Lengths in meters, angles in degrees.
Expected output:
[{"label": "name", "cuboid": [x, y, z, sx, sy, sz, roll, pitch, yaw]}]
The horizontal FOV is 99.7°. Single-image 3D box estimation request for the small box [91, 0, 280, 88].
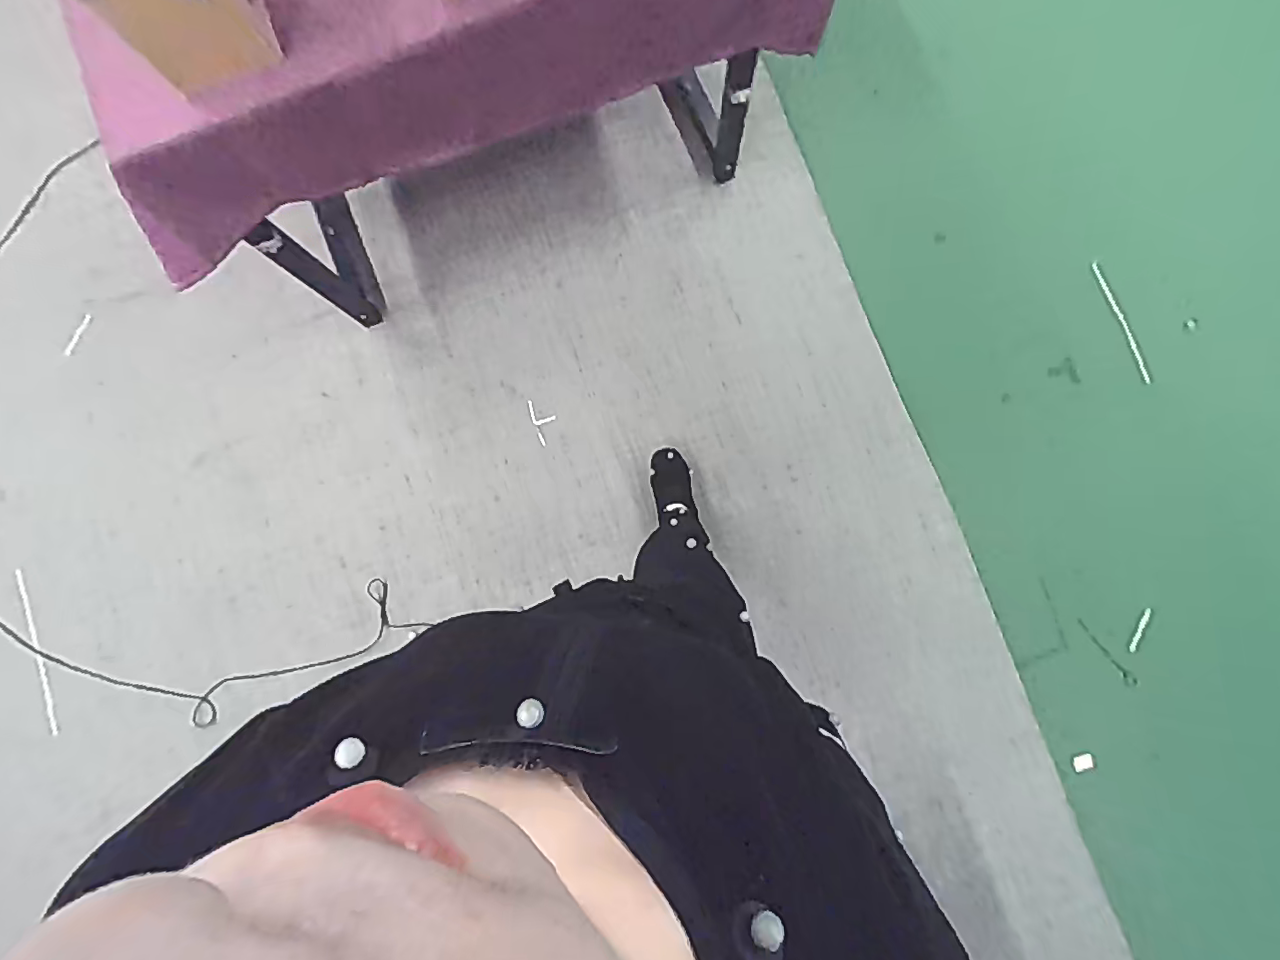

(TASK ITEM): Output all the material exactly. The pictures are to be left out.

(TASK RESPONSE):
Lengths in meters, angles in degrees.
Expected output:
[{"label": "name", "cuboid": [x, y, z, sx, sy, sz, roll, pitch, yaw]}]
The horizontal FOV is 99.7°. Single-image 3D box estimation request for the small box [91, 0, 280, 88].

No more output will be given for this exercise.